» **TASK TO CARRY OUT**
Copy each line in the data that includes the word "instrument".
--------
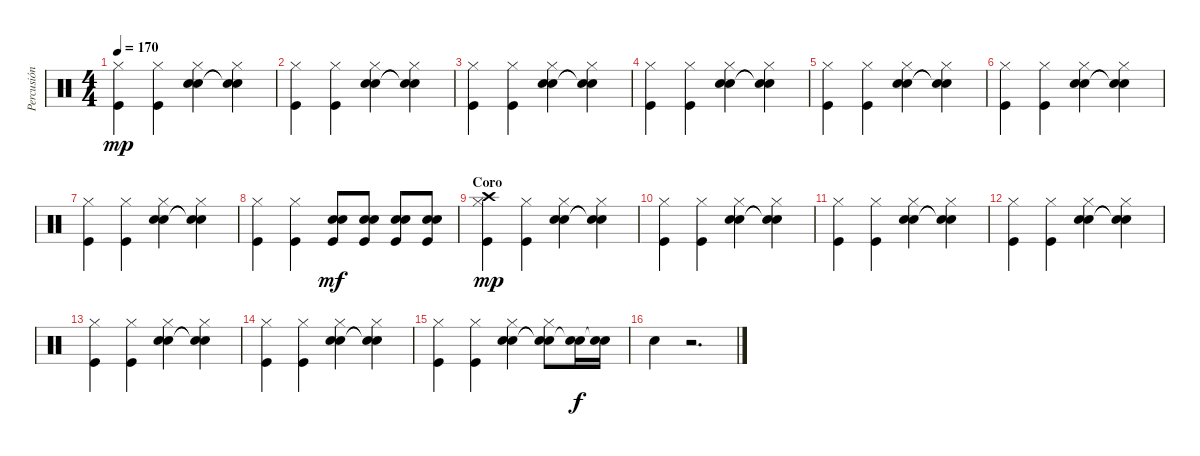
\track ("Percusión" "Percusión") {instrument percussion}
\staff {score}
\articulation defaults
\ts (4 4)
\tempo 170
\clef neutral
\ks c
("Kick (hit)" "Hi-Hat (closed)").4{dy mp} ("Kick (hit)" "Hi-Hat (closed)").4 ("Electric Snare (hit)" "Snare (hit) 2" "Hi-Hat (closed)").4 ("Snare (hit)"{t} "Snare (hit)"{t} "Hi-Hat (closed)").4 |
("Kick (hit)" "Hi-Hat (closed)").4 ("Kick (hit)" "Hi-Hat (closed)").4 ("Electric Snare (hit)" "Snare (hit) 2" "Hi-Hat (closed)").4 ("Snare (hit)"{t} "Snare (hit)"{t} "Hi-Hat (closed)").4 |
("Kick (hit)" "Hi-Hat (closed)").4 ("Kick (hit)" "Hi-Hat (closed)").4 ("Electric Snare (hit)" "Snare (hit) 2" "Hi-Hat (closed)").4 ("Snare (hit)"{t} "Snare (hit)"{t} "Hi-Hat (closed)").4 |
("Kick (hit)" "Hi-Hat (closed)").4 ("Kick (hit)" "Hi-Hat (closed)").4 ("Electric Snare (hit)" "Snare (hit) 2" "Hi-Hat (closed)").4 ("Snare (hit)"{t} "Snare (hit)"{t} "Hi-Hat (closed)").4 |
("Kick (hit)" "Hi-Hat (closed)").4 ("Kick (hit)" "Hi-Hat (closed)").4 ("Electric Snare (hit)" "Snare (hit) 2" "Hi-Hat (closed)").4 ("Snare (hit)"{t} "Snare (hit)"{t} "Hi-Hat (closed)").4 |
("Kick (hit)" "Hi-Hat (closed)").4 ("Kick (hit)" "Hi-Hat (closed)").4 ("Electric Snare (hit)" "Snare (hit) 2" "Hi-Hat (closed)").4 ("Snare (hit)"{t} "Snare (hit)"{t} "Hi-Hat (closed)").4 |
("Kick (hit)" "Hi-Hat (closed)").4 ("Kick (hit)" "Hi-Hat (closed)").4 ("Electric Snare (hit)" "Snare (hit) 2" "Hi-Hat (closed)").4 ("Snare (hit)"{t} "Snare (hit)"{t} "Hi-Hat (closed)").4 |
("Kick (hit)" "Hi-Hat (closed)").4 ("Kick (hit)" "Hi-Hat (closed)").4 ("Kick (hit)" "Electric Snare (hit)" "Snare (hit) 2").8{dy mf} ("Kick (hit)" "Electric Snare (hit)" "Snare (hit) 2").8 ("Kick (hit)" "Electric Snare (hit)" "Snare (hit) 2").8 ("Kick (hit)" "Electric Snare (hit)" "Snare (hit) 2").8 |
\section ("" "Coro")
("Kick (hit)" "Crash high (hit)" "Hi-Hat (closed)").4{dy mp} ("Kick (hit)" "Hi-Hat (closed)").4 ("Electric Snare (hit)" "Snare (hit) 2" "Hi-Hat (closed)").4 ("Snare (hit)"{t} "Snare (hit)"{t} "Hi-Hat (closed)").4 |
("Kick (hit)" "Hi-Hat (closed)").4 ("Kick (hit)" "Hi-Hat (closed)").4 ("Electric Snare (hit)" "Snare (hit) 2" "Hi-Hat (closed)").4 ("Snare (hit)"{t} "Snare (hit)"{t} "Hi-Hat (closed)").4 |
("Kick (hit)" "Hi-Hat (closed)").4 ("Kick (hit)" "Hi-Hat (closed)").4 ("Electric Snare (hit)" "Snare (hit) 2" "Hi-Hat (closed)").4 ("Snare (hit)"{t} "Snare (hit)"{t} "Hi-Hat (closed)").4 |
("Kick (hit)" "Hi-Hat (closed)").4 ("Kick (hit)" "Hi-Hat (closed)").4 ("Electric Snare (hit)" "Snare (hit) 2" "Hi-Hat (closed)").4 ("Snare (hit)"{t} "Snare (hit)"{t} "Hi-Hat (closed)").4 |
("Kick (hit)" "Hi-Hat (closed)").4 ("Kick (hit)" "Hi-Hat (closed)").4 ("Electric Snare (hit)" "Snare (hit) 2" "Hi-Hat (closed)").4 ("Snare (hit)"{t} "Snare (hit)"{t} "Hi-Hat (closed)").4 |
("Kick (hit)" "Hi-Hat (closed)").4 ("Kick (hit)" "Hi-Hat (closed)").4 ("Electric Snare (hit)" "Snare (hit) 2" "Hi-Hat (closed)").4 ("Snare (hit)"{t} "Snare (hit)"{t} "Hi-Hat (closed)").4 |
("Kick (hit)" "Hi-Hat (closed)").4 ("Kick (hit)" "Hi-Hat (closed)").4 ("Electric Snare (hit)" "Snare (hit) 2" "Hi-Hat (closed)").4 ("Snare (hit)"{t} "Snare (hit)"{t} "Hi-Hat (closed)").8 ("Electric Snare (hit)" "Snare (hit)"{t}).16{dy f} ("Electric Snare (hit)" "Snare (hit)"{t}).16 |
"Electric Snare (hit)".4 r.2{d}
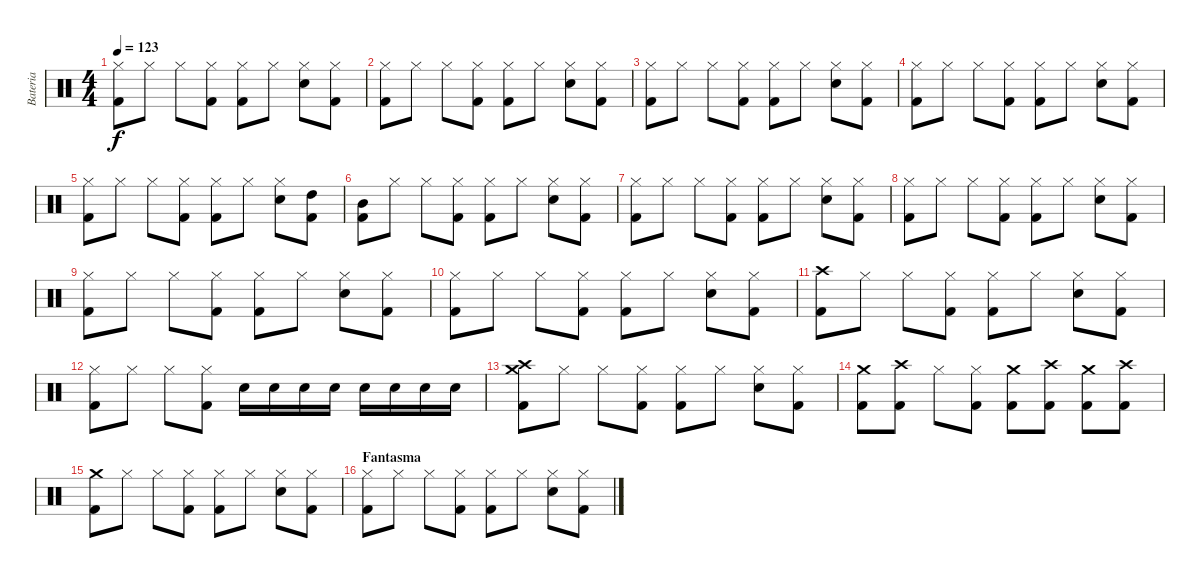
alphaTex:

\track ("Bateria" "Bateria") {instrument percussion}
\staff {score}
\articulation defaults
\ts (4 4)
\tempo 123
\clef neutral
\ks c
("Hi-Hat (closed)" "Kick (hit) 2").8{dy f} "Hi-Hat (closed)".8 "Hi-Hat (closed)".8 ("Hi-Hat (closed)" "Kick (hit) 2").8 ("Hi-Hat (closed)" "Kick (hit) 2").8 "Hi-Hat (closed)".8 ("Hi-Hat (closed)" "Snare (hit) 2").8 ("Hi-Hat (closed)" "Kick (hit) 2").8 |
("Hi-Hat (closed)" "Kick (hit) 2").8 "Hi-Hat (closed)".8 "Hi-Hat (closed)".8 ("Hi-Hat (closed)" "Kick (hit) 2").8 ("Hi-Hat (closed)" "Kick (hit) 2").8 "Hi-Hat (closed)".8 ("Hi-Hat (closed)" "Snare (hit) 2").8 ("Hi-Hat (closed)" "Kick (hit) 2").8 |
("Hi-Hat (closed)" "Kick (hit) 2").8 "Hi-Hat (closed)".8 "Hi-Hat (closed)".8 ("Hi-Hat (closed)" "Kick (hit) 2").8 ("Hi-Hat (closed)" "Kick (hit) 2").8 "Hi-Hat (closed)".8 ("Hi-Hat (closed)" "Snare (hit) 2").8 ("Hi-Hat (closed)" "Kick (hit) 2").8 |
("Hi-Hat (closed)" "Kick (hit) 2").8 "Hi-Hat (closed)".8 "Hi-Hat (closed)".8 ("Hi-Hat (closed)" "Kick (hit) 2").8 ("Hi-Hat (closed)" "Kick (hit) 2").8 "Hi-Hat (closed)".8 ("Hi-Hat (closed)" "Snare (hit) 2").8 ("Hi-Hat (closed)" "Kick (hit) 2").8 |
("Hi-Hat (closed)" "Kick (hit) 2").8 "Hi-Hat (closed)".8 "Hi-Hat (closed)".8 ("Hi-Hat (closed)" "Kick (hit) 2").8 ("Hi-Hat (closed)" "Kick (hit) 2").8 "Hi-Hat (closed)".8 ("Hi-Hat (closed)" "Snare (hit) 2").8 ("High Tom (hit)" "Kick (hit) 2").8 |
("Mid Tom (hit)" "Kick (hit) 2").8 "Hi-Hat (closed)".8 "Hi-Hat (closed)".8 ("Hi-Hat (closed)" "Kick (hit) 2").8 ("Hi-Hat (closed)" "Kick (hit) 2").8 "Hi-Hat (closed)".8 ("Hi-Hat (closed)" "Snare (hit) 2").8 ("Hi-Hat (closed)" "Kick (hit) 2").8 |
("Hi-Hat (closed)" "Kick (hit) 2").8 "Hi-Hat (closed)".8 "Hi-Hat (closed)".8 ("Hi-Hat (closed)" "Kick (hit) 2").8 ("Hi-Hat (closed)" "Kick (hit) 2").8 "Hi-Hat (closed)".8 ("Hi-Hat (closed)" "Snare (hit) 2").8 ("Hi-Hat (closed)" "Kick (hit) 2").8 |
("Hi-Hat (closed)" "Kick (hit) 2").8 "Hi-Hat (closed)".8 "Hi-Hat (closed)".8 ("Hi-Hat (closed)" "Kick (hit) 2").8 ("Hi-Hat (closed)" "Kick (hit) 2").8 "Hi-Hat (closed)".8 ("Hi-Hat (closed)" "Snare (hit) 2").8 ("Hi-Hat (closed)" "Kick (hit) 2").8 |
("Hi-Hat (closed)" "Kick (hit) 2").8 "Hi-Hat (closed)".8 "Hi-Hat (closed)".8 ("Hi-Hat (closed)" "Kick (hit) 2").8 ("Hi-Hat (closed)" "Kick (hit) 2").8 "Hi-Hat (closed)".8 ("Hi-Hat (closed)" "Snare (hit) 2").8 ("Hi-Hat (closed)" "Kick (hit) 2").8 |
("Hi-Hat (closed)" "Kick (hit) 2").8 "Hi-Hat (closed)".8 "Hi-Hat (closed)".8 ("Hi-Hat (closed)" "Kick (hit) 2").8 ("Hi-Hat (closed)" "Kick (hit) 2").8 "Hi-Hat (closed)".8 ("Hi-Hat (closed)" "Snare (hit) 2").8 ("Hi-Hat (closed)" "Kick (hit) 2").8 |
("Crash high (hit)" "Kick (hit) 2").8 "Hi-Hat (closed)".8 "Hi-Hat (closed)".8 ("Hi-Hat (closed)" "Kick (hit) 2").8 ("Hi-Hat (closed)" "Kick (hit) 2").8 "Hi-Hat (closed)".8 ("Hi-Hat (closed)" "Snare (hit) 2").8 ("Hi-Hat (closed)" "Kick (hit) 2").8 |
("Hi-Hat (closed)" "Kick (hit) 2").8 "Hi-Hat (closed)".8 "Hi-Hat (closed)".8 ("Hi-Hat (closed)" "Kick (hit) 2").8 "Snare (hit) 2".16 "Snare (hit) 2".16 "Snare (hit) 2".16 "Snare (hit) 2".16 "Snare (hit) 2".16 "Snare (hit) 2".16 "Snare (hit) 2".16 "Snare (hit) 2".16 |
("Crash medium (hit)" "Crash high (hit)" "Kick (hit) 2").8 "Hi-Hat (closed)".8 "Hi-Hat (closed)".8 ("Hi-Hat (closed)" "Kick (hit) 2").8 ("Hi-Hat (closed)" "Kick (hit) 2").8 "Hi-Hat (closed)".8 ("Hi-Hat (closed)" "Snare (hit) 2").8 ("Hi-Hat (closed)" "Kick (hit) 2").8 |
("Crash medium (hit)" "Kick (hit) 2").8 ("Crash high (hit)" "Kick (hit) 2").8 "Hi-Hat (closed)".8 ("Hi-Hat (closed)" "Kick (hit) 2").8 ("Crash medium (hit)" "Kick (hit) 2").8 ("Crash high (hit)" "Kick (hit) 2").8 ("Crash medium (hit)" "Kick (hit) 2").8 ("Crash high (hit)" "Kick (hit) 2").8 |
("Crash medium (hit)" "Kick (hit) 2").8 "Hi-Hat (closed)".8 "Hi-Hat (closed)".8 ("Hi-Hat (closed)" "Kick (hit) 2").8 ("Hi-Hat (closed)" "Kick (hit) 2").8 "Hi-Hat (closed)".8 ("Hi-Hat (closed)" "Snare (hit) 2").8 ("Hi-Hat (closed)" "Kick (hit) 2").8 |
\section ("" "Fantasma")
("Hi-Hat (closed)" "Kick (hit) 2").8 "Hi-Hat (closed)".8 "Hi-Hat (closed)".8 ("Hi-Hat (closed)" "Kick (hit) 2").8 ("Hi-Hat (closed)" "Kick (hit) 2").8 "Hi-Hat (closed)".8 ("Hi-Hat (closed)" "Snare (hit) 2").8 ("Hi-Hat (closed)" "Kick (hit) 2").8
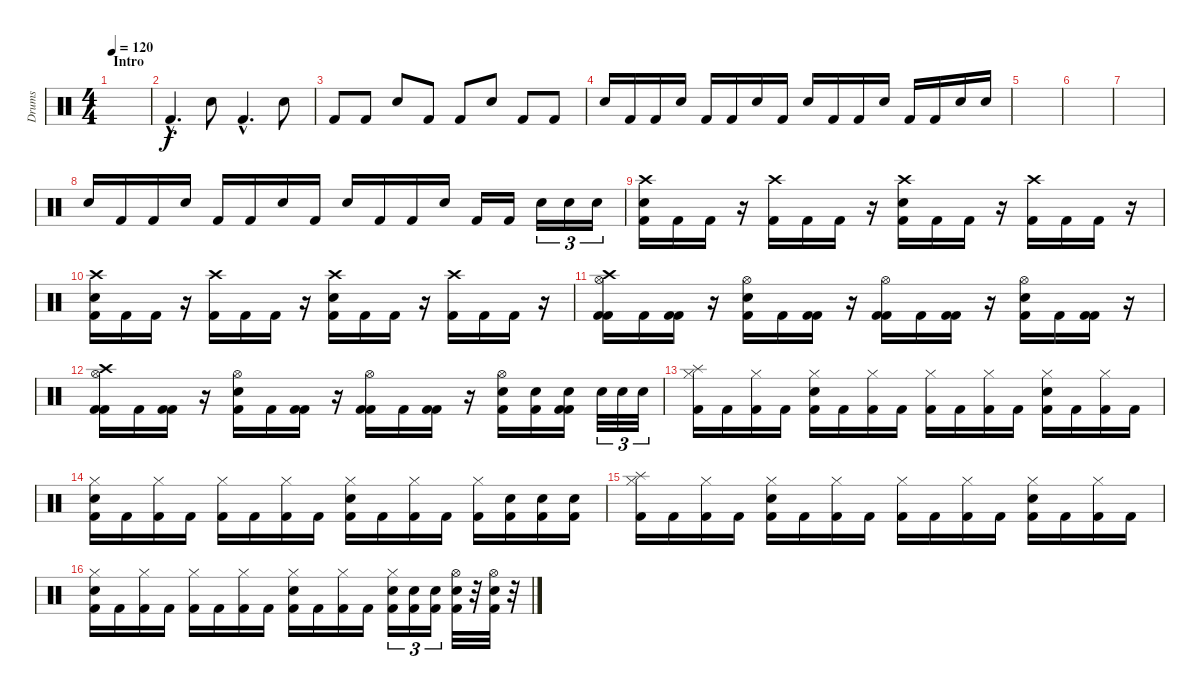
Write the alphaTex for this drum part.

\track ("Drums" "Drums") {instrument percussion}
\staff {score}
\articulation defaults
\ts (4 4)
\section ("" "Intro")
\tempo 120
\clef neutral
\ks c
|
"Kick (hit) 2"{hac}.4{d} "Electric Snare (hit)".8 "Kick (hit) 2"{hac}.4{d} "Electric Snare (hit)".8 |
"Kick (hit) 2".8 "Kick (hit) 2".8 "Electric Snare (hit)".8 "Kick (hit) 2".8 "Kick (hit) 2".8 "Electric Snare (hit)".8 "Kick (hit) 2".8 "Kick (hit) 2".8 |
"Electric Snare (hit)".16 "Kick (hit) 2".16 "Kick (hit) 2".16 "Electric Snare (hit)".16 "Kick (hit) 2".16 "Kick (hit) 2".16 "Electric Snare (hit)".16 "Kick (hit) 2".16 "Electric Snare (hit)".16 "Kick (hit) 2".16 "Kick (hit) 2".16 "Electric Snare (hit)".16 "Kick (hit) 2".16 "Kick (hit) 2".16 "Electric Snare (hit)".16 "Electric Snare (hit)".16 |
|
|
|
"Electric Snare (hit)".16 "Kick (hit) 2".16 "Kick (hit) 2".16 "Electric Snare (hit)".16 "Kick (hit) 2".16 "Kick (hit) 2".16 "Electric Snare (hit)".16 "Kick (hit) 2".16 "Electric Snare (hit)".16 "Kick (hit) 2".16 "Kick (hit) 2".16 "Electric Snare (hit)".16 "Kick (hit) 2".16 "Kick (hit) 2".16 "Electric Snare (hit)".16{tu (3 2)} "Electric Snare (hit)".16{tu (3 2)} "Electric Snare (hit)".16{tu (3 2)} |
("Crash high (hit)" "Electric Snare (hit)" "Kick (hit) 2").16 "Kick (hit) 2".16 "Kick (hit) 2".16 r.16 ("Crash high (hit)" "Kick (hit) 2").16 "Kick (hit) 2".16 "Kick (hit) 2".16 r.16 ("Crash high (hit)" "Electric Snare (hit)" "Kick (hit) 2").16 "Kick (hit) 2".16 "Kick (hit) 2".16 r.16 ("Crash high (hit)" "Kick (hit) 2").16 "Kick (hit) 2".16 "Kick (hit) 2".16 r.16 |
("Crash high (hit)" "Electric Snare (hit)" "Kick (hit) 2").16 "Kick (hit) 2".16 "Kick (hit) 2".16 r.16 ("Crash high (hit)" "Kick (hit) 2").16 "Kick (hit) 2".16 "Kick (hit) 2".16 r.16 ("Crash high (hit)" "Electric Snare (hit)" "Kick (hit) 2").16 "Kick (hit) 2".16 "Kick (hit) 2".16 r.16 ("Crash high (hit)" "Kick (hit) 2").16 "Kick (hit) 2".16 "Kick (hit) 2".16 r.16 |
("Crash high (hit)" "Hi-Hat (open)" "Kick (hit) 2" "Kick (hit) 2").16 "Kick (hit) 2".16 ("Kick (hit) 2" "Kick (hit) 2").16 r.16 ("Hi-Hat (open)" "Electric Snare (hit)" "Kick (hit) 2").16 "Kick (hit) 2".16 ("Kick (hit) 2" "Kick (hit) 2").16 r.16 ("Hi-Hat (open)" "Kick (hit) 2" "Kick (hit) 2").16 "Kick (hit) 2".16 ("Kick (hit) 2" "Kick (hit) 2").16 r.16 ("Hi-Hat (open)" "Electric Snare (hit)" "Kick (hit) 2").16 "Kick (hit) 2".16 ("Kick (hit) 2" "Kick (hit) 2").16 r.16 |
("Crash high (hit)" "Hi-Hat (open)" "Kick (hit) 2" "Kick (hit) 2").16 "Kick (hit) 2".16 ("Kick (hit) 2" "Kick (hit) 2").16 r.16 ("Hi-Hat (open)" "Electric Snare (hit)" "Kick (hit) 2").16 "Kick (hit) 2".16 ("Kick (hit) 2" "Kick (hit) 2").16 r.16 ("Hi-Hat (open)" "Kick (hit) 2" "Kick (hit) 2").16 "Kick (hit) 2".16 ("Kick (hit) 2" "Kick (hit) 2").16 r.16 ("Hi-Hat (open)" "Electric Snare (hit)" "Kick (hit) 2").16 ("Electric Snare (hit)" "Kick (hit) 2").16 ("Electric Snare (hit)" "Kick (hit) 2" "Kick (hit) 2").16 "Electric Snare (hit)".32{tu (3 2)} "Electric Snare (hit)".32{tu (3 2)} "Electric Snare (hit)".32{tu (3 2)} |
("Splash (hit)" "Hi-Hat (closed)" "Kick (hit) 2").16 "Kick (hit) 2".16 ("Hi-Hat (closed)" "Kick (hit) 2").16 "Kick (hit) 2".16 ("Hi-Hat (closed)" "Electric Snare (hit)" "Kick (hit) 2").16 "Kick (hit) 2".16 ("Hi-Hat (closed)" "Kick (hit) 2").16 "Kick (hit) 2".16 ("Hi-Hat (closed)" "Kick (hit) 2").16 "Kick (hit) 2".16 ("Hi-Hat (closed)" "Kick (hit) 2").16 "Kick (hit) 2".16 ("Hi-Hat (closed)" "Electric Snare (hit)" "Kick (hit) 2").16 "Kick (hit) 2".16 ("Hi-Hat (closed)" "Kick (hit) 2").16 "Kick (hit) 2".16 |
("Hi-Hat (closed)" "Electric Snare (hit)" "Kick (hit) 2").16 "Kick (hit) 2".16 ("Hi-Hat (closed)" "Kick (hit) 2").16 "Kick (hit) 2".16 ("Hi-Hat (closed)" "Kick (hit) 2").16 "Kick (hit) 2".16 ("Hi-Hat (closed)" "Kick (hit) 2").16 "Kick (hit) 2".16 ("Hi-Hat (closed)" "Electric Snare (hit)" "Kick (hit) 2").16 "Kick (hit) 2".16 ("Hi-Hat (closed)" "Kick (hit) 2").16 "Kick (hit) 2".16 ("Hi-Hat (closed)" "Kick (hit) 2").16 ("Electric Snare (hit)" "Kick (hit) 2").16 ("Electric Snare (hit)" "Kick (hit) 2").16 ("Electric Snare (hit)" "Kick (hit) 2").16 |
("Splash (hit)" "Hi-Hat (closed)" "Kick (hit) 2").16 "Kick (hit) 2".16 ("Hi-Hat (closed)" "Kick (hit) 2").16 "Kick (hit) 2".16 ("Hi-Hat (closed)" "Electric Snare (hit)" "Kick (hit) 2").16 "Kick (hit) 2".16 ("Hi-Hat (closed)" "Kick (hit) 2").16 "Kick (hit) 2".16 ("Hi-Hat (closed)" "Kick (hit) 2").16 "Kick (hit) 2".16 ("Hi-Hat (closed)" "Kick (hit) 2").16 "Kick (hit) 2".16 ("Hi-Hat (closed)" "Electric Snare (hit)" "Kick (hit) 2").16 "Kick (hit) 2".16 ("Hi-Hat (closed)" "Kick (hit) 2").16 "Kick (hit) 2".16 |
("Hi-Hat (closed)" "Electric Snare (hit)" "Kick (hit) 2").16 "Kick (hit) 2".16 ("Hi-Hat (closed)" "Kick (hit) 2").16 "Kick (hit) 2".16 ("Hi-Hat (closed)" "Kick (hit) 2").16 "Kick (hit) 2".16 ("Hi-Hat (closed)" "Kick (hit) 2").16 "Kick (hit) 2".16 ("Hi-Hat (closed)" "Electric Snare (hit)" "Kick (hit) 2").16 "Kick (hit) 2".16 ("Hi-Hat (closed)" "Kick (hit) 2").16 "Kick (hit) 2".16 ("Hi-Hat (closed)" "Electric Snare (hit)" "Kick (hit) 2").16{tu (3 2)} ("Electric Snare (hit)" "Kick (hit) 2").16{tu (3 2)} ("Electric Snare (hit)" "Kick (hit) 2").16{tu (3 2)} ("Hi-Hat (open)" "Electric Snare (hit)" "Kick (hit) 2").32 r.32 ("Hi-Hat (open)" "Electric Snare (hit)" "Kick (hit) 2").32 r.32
--------
» **EXERCISE RESPONSE**
\track ("Percusión" "Percusión") {instrument percussion}
\track ("Bateria" "Bateria") {instrument percussion}
\track ("Drums" "Drums") {instrument percussion}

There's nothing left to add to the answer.